» Try it: Exactly the lines below from the one with "Can you produce" up to and including the one with "3. person [294, 472, 307, 482]" make up the answer, with nothing else added.

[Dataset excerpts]
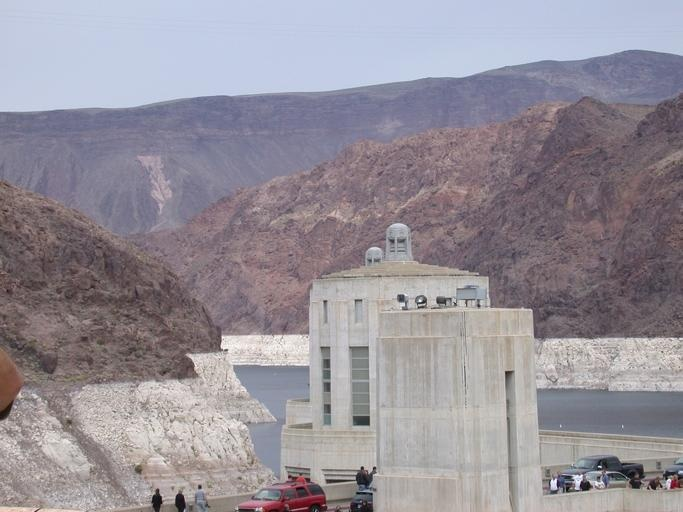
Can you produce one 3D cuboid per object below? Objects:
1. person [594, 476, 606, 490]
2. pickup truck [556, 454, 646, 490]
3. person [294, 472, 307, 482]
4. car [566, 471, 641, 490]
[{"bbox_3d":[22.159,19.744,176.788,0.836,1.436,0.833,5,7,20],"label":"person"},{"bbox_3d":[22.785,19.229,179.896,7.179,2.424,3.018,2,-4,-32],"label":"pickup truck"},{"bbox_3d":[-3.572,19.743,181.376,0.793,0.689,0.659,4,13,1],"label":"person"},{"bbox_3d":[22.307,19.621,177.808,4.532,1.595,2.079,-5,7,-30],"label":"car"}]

* * *

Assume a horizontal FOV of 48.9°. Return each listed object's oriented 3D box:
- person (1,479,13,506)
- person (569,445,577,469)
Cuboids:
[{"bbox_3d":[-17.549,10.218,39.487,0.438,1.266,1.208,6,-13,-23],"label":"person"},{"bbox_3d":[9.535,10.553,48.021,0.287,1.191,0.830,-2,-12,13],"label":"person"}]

==

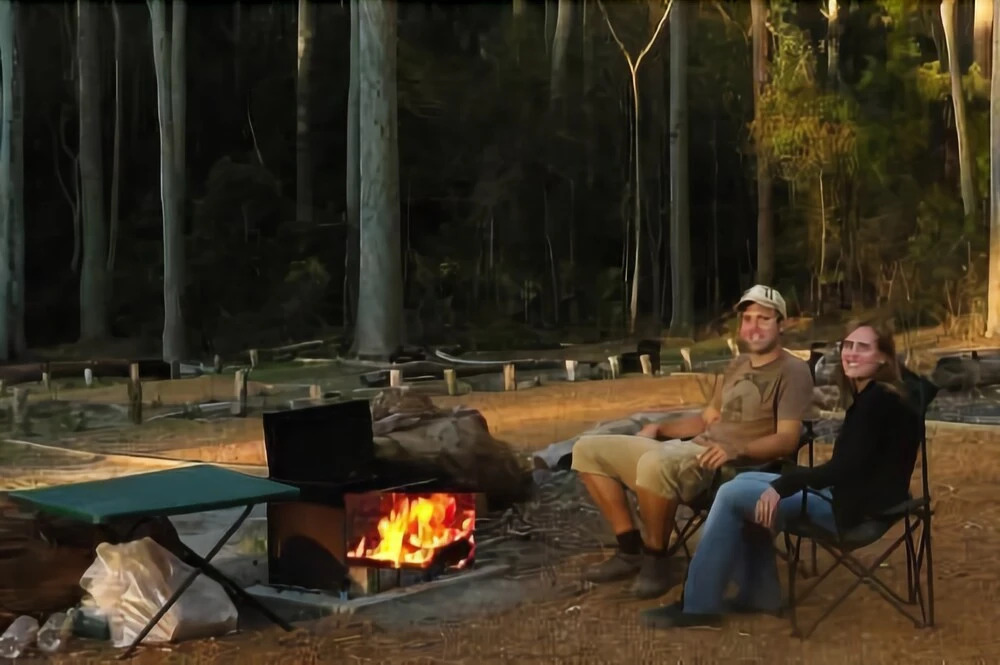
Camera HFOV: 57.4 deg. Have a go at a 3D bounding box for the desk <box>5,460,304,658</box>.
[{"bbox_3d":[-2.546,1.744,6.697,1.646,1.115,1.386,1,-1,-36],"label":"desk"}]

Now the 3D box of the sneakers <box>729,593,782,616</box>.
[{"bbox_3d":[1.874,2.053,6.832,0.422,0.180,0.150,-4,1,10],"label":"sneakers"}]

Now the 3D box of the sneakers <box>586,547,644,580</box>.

» Solution below:
Can you produce one 3D cuboid per object below? Objects:
1. person [594, 476, 606, 490]
2. pickup truck [556, 454, 646, 490]
3. person [294, 472, 307, 482]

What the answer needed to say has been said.